The annihilation operator is
$$\hat{a}=\sqrt{\frac{m \omega}{2}} \hat{x}+\mathrm{i} \frac{1}{\sqrt{2m \omega}} \hat{p}.$$
In position representation that maps to
$$\hat{a}=\sqrt{\frac{m \omega}{2}} x +\frac{1}{\sqrt{2 m \omega}} \partial_x = \frac{1}{\sqrt{2}} (\xi + \partial_{\xi}).$$
The creation operator is its adjoint,
$$\hat{a}^{\dagger}=\frac{1}{\sqrt{2}}(\xi-\partial_{\xi})=\hat{b},$$
which of course has no eigenstate.

The annihilation operator has many eigenstates, the coherent states. The special one with eigenvalue 0 is the ground state. This gives the eigenvector equation
$$\hat{a} u_0(\xi)=0 \; \Rightarrow \; \partial_{\xi} u_0=-\xi u_0 \xi \; \Rightarrow \; u_0(\xi)=N \exp(-\xi^2/2)$$
with ##N## a normalization factor.
 

1. What are coherent states?

Coherent states are a type of quantum state that describes the behavior of a quantum mechanical system. They are characterized by their ability to maintain a fixed phase relationship between different energy levels, making them useful for studying the dynamics of quantum systems.

2. How are coherent states represented mathematically?

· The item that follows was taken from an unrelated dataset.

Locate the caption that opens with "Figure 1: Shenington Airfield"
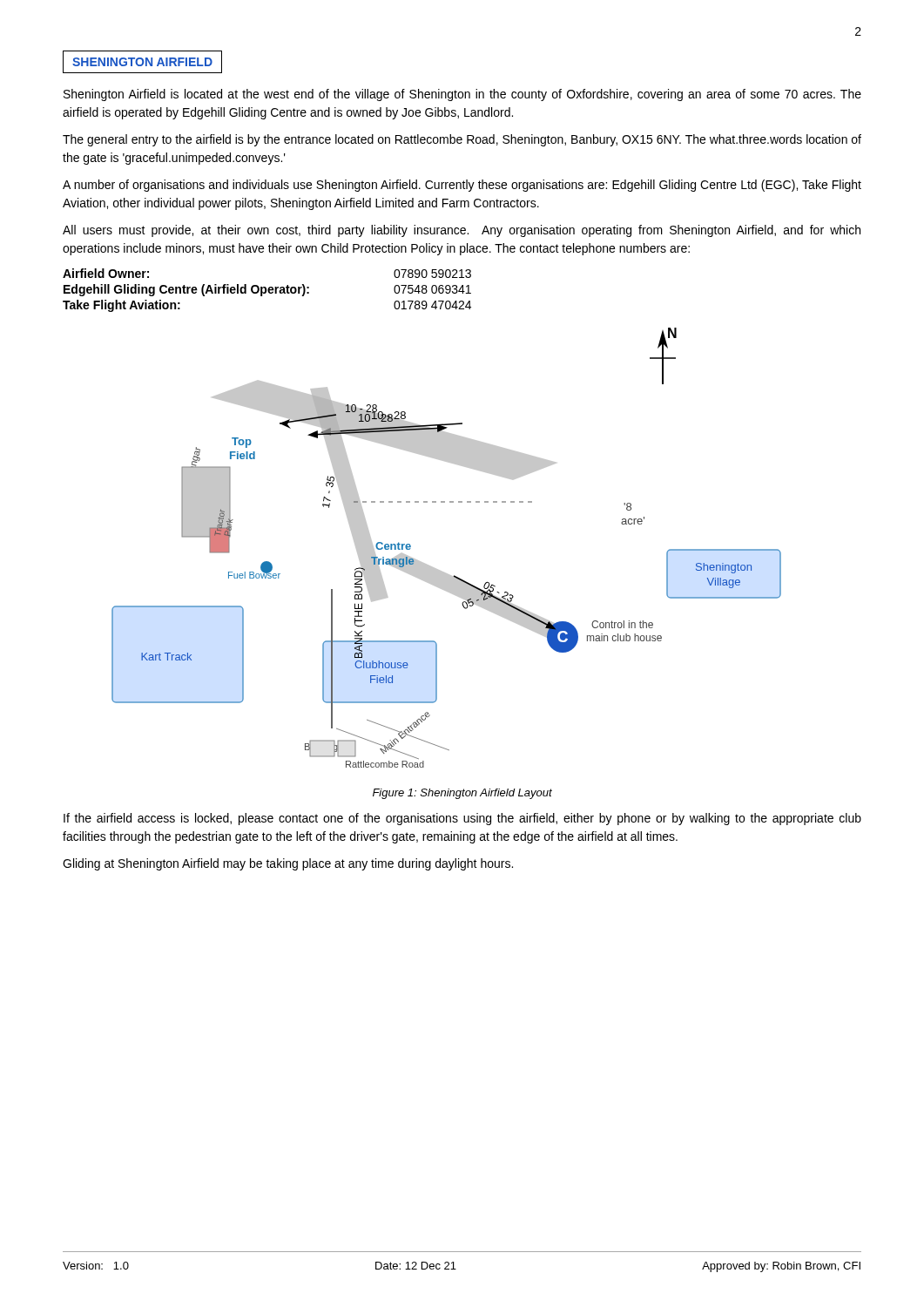[x=462, y=792]

Coherent states are typically represented by the state vector |α⟩, where α is a complex number. This state vector is a linear combination of the eigenstates of the system's Hamiltonian, and it is the eigenstate with the smallest energy eigenvalue.

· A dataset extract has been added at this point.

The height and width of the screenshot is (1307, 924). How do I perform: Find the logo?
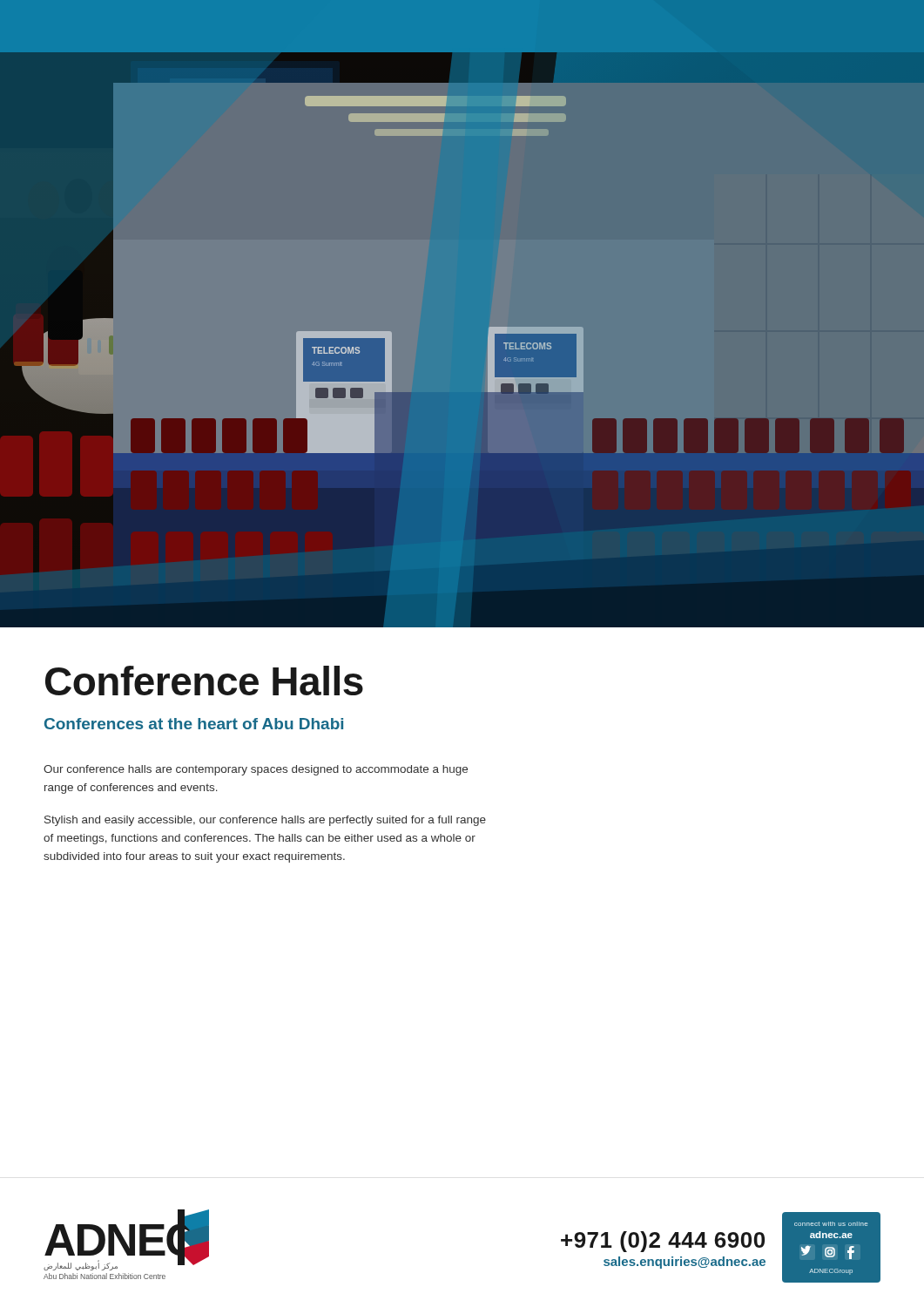128,1247

3. What is the significance of a|0⟩=0|0⟩=0 in coherent states?

This equation represents the ground state of a quantum system, where the annihilation operator a acts on the ground state |0⟩ and produces the zero vector. In coherent states, this equation is used to determine the amplitude of the coherent state's state vector.

4. How are coherent states used in quantum mechanics?

Coherent states are used to study the dynamics of quantum systems, particularly in the field of quantum optics. They are also used in quantum computing, where they can be used as a basis for quantum algorithms and as a tool for quantum error correction.

5. What are some applications of coherent states?

Coherent states have a wide range of applications in physics, including quantum optics, quantum computing, and quantum information theory. They are also used in other fields, such as quantum chemistry and quantum biology, to study the behavior of complex systems at the quantum level.